*** Material for this exercise ***

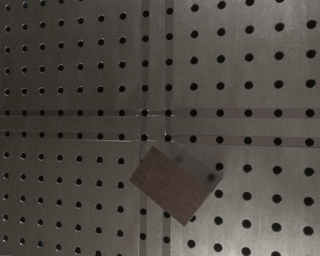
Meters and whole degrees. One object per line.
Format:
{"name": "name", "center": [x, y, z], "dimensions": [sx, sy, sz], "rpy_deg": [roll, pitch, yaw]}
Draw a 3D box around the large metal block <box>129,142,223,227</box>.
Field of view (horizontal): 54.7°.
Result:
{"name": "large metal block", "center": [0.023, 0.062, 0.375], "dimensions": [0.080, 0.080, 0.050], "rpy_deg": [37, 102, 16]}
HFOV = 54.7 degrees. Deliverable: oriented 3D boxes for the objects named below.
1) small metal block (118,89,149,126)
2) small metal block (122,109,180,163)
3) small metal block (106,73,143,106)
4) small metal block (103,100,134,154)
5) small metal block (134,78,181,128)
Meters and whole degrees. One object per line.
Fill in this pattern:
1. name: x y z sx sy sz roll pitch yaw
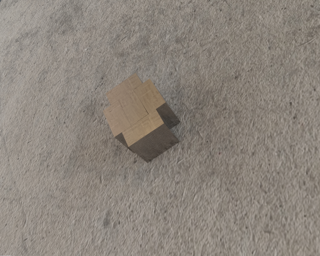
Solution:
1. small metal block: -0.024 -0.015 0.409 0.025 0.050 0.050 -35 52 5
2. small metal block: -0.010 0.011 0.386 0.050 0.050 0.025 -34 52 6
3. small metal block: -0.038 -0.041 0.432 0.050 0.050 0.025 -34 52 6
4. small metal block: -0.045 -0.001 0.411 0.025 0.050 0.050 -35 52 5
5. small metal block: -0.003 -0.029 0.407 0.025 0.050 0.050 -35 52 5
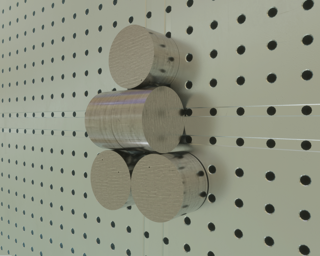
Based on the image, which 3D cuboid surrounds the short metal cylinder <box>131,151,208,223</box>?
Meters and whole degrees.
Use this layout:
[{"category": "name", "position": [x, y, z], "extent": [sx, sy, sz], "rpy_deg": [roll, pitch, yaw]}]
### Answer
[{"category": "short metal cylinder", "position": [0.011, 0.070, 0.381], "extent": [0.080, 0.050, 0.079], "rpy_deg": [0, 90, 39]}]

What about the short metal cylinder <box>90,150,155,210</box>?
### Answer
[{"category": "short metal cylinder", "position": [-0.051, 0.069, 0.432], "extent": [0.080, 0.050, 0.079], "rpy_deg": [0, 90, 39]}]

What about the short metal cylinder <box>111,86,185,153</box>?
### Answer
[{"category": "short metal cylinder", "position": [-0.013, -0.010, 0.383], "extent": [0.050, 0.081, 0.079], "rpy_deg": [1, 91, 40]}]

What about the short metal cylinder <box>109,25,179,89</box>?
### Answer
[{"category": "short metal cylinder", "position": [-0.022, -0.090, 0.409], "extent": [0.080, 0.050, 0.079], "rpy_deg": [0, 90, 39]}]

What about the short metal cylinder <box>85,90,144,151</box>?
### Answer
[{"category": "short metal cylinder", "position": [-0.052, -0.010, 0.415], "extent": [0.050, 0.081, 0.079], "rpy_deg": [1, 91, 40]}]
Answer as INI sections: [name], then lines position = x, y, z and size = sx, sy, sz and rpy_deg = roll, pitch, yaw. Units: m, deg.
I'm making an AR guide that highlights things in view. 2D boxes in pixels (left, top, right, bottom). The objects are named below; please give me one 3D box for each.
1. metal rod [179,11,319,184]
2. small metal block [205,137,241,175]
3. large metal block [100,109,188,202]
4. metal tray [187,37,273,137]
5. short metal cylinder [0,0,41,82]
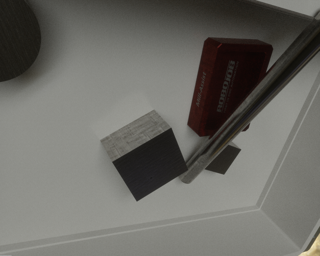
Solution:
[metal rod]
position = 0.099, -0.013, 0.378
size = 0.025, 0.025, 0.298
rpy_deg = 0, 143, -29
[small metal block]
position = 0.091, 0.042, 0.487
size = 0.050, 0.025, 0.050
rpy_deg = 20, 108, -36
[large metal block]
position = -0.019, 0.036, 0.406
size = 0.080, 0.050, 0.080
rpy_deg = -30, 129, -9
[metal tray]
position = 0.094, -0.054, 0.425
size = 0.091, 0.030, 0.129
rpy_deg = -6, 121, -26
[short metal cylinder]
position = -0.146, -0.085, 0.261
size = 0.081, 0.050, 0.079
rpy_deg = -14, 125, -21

***
*** Material for this exercise ***

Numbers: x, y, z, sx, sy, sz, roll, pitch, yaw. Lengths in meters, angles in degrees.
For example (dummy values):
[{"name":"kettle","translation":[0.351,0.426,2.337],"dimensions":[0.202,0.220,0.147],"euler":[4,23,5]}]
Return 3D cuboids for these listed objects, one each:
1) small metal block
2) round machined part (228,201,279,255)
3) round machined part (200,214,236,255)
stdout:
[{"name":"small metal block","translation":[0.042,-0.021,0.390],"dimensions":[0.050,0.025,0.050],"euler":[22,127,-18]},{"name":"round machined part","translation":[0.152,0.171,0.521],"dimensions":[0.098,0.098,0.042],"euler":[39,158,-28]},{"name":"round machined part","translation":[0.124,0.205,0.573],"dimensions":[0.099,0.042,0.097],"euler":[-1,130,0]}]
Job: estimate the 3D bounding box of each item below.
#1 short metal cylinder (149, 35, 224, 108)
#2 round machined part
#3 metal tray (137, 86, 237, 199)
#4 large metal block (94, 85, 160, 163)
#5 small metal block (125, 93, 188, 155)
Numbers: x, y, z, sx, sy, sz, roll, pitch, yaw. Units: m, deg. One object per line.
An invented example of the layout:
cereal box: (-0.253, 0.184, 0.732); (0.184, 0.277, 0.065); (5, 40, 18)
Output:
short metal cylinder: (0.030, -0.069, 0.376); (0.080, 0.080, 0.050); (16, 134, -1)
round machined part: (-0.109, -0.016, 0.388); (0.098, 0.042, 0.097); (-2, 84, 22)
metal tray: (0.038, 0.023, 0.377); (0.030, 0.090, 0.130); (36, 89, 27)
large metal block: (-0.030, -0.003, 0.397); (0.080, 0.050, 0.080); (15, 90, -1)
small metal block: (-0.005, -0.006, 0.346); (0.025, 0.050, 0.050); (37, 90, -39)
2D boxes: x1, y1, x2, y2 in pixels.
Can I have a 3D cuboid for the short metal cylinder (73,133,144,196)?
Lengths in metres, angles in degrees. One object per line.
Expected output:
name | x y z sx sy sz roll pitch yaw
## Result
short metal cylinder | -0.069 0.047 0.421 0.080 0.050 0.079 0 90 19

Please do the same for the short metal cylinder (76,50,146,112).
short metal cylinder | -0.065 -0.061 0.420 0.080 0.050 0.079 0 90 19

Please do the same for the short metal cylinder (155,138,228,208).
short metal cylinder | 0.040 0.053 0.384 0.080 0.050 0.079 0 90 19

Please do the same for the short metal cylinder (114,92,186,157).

***

> Task item: From the records above, transcribe without alteration every line from the one with "Please do the same for the short metal cylinder (76,50,146,112)." to the one with "metal cylinder (114,92,186,157).", inclusive.

> Finished exercise:
Please do the same for the short metal cylinder (76,50,146,112).
short metal cylinder | -0.065 -0.061 0.420 0.080 0.050 0.079 0 90 19

Please do the same for the short metal cylinder (155,138,228,208).
short metal cylinder | 0.040 0.053 0.384 0.080 0.050 0.079 0 90 19

Please do the same for the short metal cylinder (114,92,186,157).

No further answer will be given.